In a speech on Tuesday, the Trump-appointed head of the SEC outlined how the agency will work to lighten public disclosure requirements for smaller and newer companies in an effort to bring more of them to the public market.
“If we want the next generation of innovators to choose our public markets, we need disclosure that is calibrated for a company’s size and maturity,” Atkins said during a speech delivered at the New York Stock Exchange.
Atkins noted that under current reporting requirements, a company with a $250 million market capitalization must file the same public disclosures as a firm 100 times its size. That burden, he argued, has contributed to a roughly 40% drop in the number of public companies since the mid-1990s.
The chair also laid out a broader goal of reworking public disclosures for all companies by mandating that all of the public information they give must be financially material.
The shift would mark a reversal of efforts in recent years that have called for public companies to share more information with investors relating to their environmental, social, and governance (ESG) policies.
“Our capital markets thrive not through the volume of disclosures, but the clarity and importance of them to investors,” Atkins said.
The chair also signaled possible reforms to executive pay disclosure.
Citing consensus from a recent SEC gathering and echoing a criticism by Warren Buffett, Atkins argued that the existing rules have led to bloated proxy statements and other public filings that have offered little benefit to shareholders.
Atkins’ goal to narrow public disclosures and tailor their rigor based on a company’s size is just one leg of his plan to make it less expensive and arduous to run a public company.

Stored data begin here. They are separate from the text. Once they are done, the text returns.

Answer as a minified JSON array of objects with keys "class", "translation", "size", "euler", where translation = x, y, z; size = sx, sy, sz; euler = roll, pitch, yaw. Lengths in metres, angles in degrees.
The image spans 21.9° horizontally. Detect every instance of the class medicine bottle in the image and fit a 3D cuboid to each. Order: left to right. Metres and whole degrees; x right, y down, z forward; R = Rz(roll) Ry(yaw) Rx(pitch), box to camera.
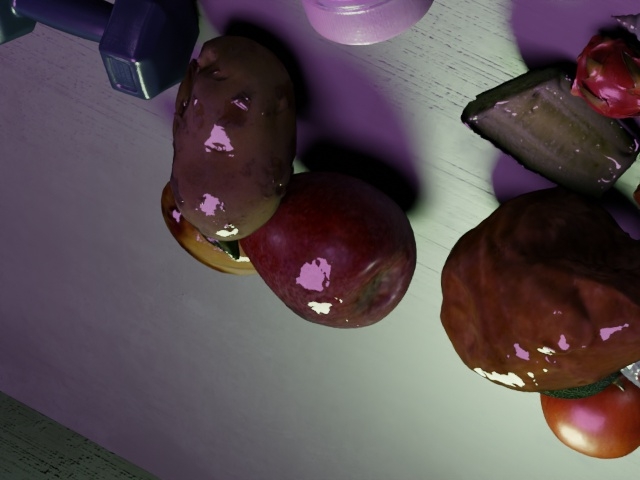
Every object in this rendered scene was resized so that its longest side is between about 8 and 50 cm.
[{"class":"medicine bottle","translation":[0.025,-0.338,1.689],"size":[0.152,0.152,0.254],"euler":[16,148,29]}]

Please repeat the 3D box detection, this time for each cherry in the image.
[{"class":"cherry","translation":[0.009,-0.002,2.215],"size":[0.239,0.206,0.239],"euler":[43,-168,-11]}]

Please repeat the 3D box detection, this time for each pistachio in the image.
[{"class":"pistachio","translation":[-0.133,-0.033,2.383],"size":[0.210,0.130,0.165],"euler":[25,112,-19]}]

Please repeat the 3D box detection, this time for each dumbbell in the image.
[{"class":"dumbbell","translation":[-0.317,-0.295,2.133],"size":[0.316,0.156,0.143],"euler":[21,121,21]}]

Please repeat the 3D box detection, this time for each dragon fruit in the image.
[{"class":"dragon fruit","translation":[0.319,-0.166,1.736],"size":[0.116,0.081,0.086],"euler":[38,176,16]}]

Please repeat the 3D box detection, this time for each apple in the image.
[{"class":"apple","translation":[0.374,0.211,2.214],"size":[0.163,0.163,0.139],"euler":[20,138,23]}]

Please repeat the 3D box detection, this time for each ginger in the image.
[{"class":"ginger","translation":[0.264,0.077,1.863],"size":[0.269,0.200,0.223],"euler":[41,127,26]}]

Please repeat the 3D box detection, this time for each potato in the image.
[{"class":"potato","translation":[-0.110,-0.129,2.102],"size":[0.165,0.165,0.262],"euler":[13,106,33]}]

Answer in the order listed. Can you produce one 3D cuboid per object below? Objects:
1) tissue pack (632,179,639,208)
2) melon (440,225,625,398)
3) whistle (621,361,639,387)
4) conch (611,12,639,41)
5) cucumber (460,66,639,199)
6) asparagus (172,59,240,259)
[{"class":"tissue pack","translation":[0.477,-0.034,1.781],"size":[0.183,0.092,0.226],"euler":[45,149,-20]},{"class":"melon","translation":[0.281,0.095,2.094],"size":[0.288,0.182,0.182],"euler":[40,152,-8]},{"class":"whistle","translation":[0.477,0.133,1.983],"size":[0.348,0.189,0.189],"euler":[28,154,-15]},{"class":"conch","translation":[0.373,-0.188,1.662],"size":[0.180,0.065,0.088],"euler":[24,151,-2]},{"class":"cucumber","translation":[0.264,-0.132,1.856],"size":[0.193,0.115,0.086],"euler":[34,-164,-12]},{"class":"asparagus","translation":[-0.160,-0.106,2.255],"size":[0.080,0.080,0.287],"euler":[10,115,36]}]
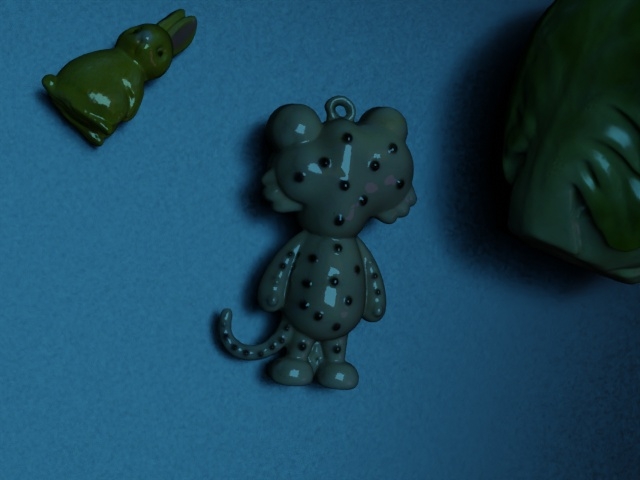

The head of Wall Street’s top securities regulator is also looking to make it easier for companies to ignore shareholder proposals in their proxy materials related to ESG matters, such as those calling for more transparency and reporting by companies on their workforce diversity, carbon emissions, and executive pay.
There are far fewer public companies today than there were in the three decades before the financial crisis, according to data from the World Bank. That entails some combination of fewer companies seeking to go public and more public firms looking to go private despite a booming US stock market.
Despite a volatile spring with the rollout of the Trump administration’s sweeping tariff plans, the US IPO market has seen several major listings this year, including CoreWeave (CRWV), Klarna (KLAR), Figma (FIG), and a host of crypto firms like Circle (CRCL) and Bullish (BLSH).